His work has appeared in literary reviews and anthologies worldwide, including Fiction, Confrontation, Whispers & Shouts, Southwords and Criterion; State of the Art: Stories from New Irish Writers; Irish Christmas Stories, The Clare Anthology and Fiction in the Classroom.

A natural storyteller, Eddie has recorded spoken word versions of his work, with music by Martin Hayes and Dennis Cahill. In 2010, he integrated spoken word and printed work with art, music and song to produce an iPhone app of The West; this was the first iPhone app of Irish fiction.

"Jackass Blues"
Eddie Stack

During that slow, dark time between New Year and Lent, a black ass sauntered into town. Sleek as a seal, it had the fine features of a thoroughbred and moved gracefully through the street with a confidence that its working class brethren lack. It seemed curious about the town and gazed at the old wooden shop-fronts like tourists did, peered into laneways and stared at posters and notices tacked to telegraph poles. The animal showed no interest in people and nobody bothered it, thinking it was a stray just passing through.
After a few days, it discovered the televisions in the window of Harney's Electrical Emporium and would stand in the footpath watching Sesame Street, Bosco or whatever programmes were showing. When Bruce Harney switched off the sets, the ass would move on to spend the night in the shadows of a back lane. Then one evening when Harney pulled the plug, the animal got indignant and thumped its head against the shop window a few times. Bruce roared at him to 'bum off' and the animal lashed his hind legs against the window. The smash of glass brought everyone outside and the black ass galloped around the town square, bucking like a rodeo star.
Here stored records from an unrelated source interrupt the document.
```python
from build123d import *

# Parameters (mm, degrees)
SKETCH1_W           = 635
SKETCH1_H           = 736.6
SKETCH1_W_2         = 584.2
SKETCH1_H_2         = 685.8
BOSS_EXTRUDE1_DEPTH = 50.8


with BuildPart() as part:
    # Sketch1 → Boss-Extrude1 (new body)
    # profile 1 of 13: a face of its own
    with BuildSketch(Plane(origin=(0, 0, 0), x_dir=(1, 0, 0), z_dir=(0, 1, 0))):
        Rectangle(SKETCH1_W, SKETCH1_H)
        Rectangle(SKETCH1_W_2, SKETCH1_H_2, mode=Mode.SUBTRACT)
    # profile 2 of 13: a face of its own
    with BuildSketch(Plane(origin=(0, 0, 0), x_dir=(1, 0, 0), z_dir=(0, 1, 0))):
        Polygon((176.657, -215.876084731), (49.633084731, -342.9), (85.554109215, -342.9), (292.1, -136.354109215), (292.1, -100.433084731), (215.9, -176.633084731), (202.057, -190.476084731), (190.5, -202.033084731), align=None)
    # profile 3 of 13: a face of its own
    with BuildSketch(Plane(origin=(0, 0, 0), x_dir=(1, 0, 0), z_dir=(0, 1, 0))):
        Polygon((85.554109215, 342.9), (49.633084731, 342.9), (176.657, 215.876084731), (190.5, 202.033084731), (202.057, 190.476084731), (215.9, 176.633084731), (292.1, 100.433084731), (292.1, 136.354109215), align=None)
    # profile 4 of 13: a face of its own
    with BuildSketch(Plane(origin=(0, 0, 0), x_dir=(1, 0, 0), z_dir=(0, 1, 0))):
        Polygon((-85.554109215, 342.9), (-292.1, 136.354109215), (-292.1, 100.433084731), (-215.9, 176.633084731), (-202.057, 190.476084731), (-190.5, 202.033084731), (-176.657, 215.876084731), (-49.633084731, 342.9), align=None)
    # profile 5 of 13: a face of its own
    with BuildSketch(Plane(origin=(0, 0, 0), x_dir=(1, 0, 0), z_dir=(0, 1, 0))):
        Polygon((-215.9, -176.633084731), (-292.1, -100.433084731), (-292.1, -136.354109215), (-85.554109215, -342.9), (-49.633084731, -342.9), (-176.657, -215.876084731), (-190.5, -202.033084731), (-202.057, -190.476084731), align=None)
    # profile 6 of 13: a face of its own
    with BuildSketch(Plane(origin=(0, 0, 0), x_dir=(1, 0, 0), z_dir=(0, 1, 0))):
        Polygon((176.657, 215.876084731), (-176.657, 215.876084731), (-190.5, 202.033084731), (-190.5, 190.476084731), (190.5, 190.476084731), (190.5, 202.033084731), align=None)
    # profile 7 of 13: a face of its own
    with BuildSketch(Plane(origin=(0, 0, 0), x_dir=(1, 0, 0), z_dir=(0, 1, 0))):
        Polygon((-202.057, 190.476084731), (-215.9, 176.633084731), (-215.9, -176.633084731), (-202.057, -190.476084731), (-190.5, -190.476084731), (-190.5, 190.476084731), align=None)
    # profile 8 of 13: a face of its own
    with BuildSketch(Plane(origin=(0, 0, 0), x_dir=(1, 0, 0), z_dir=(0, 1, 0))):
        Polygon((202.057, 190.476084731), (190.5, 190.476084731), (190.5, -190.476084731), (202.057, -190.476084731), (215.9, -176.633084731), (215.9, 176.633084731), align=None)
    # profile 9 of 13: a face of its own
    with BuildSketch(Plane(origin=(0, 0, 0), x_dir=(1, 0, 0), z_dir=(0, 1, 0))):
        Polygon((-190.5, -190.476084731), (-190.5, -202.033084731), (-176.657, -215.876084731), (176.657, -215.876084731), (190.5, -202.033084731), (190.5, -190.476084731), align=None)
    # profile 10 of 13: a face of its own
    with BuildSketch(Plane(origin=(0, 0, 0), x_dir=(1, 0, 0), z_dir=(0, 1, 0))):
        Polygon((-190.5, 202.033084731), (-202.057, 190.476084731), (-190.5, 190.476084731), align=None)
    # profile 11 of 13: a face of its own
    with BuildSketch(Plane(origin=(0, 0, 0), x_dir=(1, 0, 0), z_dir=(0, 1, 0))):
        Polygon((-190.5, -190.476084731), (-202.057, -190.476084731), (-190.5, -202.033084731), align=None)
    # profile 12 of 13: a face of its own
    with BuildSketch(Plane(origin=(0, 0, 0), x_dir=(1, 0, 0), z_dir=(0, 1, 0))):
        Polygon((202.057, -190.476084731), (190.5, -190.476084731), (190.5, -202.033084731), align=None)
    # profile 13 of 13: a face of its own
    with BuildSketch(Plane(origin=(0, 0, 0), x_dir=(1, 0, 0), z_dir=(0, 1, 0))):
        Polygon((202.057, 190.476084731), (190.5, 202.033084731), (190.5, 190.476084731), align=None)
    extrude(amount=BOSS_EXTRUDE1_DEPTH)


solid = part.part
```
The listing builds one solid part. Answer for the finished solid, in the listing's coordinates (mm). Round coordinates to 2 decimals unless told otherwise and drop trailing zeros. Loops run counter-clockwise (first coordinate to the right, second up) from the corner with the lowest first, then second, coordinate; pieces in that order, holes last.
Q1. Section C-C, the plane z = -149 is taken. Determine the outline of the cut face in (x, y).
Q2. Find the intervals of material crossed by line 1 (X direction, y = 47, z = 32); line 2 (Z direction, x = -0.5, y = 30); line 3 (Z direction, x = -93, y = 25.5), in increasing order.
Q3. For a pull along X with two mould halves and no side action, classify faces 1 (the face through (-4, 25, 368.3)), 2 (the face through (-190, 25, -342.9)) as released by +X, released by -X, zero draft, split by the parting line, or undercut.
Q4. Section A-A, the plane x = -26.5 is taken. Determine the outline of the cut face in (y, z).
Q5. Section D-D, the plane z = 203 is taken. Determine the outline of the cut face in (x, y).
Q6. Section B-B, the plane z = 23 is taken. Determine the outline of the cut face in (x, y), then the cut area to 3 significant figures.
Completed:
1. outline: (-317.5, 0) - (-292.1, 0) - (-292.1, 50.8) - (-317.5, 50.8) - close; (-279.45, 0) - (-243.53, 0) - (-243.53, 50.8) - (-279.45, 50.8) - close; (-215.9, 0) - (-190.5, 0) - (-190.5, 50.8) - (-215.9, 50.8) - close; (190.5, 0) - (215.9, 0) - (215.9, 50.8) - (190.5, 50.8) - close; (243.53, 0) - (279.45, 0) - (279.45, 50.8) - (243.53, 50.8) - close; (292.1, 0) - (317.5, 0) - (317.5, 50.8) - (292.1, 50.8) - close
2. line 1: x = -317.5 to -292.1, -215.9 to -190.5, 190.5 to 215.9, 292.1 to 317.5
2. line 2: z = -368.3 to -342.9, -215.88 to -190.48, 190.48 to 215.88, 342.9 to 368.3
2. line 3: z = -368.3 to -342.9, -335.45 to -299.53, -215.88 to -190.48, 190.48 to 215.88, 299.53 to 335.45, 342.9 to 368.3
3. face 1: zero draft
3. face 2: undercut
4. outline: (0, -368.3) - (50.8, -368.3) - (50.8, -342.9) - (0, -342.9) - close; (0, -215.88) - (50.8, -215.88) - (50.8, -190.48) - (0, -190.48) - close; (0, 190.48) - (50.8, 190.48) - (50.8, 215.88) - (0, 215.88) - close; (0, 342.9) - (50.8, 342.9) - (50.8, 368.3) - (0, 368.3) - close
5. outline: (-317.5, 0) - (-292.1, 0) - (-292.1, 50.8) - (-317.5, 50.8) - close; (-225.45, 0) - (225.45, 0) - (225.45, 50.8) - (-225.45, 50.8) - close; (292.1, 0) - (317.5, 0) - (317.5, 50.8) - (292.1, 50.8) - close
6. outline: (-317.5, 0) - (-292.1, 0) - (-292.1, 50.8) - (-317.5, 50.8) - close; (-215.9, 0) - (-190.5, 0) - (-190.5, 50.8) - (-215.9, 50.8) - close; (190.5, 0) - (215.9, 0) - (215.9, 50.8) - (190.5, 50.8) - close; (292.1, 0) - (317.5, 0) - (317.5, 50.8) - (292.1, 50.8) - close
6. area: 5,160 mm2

Harney went to the police to make a statement for  insurance purposes and Sergeant Malone determined that the donkey should be impounded. Next morning he gathered a posse of local animal handlers: Coyne the butcher, Coco Ryan the blacksmith, Murt Lyons, Gimp McDonagh and Fonsie Duggan the horse-blocker. The butcher brought along a gun 'just in case'. He took control of the gang, psyching up the handlers until they were as rabid as a lynch mob.
“Chase him up Boland's Lane,” he ordered, “then we can lasso him. But we want to do it now. Immediately. Or else that animal will maul someone.”
The posse stalked the black ass for days but he outsmarted them every time, becoming a hero with street urchins and local dead-beats. As if aware of the sanctuary afforded to outlaws of old, the animal now took refuge in the church grounds at night. Father White would see him shelter under the trees, hear him urinate by the side of the house. Even with the gates locked and chained, the animal still somehow entered and Father White felt besieged by evil, his holy space violated. He urged the donkey hunters to double their efforts and hinted that the butcher's gun might be their only solution.
Before the week passed, the donkey gained a few supporters who protested against the posse. Receiving no quarter from Sergeant Malone, they came to Father White with their pleas. First came Gretta Green, the madwoman from Frowhell. She pleaded with the priest to call off the posse, explaining that asses were God's favorite animal and should be free to roam and do whatever they wanted. Coming closer she whispered,
“For all you know that ass could be here on a mission.”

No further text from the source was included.